Мы ещё недолго стояли на этом переходе, смотрели на закат, что отражался в реке и окутывал весь город, на большие вышки, слушали шум машин, наблюдали за людьми снизу. Прошло немного минут, когда мы поняли, что оба держим друг друга за руку. С ним мне было хорошо. Именно в этот момент. На этом переходе. Обида на Самитьера не пройдёт у меня никогда. Может, однажды Брэдли простит его, но я не смогу сделать того же никогда. Теперь я навечно чувствовала себя виновной в испорченной жизни брата.
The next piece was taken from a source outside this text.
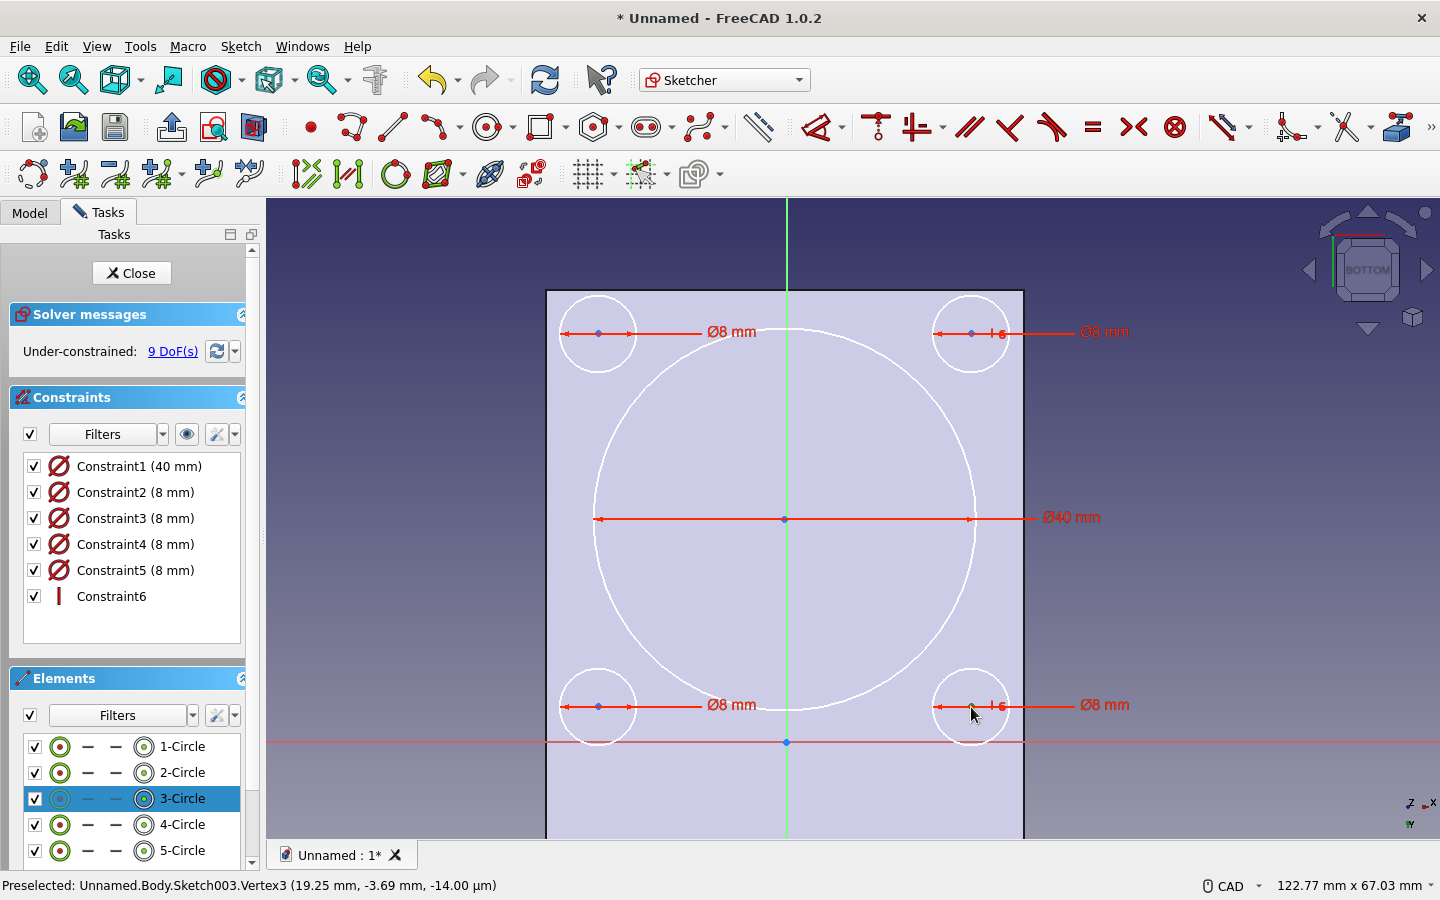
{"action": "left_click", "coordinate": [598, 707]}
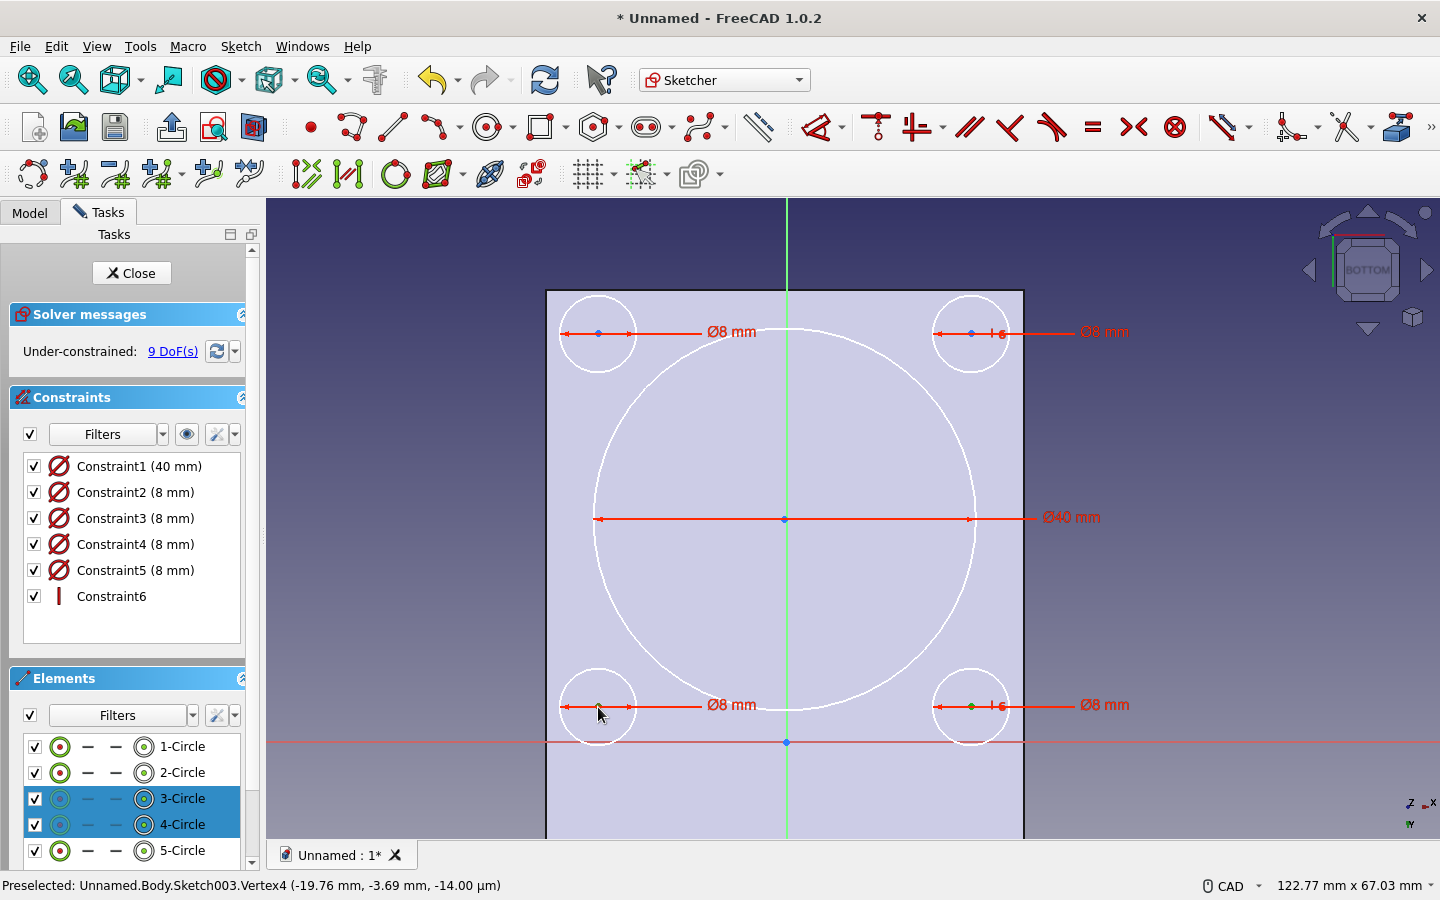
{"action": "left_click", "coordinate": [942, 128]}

Он, защищая меня, обрек себя на вечные страдания, он ощущает их, когда смотрит чемпионат по футболу, или приходит на ежегодные спортивные игры. По сути, он давно уже не делает это. Иногда, он говорит, что ненавидит спорт. И ненавидит всех спортсменов колледжа, всех футболистов, всех тех, кому удалось достичь своей мечты. Но при мне, он не заикается об этом. Он делает вид, что счастлив и безмятежен. Но я вижу каждую мелочь в нём, вижу отчаяние, кричащее изнутри, и в такие моменты чувствую несчастной себя. Он, мой родной брат, и у него сломана вся жизнь, из-за того лишь только, что он защищал меня.

Солнце ещё согревало своим теплом, последние лучи освещали наши с Тони лица. Руки крепко переплетались между собой. И мы чувствовали невероятно сильное притяжение друг к другу. Впервые мы поцеловались там, на высоте пятидесяти метров, на глазах у всех людей, пока солнце ещё не село за горизонт.

ГЛАВА 24

Когда папа поворачивался к окну, я приближалась к Тони, он трусил, это было заметно, я тоже была взволнована тем, что в любой момент отец повернётся и увидит, как его дочь целуется с его подопечным. Во мне всегда загорался азарт, я любила чувствовать адреналин; именно такой, обыкновенный, когда ты боишься лишь того, что родители узнают о твоих отношениях, а не того, что можешь умереть на днях.

— Что с тобой? — обратившись к Тони, резко повернулся папа, сразу после, как я отстранилась от него. — Выглядишь испуганным.

— Вспомнил… — замялся он. — Что дома, кажется, не выключил утюг.

— Ты утюгом пользуешься? — удивилась я. — Поэтому ходишь в такой мятой рубашке?

Засмеялась я одна. У отца совсем не было чувства юмора, а Тони просто боялся дать лишнего повода для подозрений.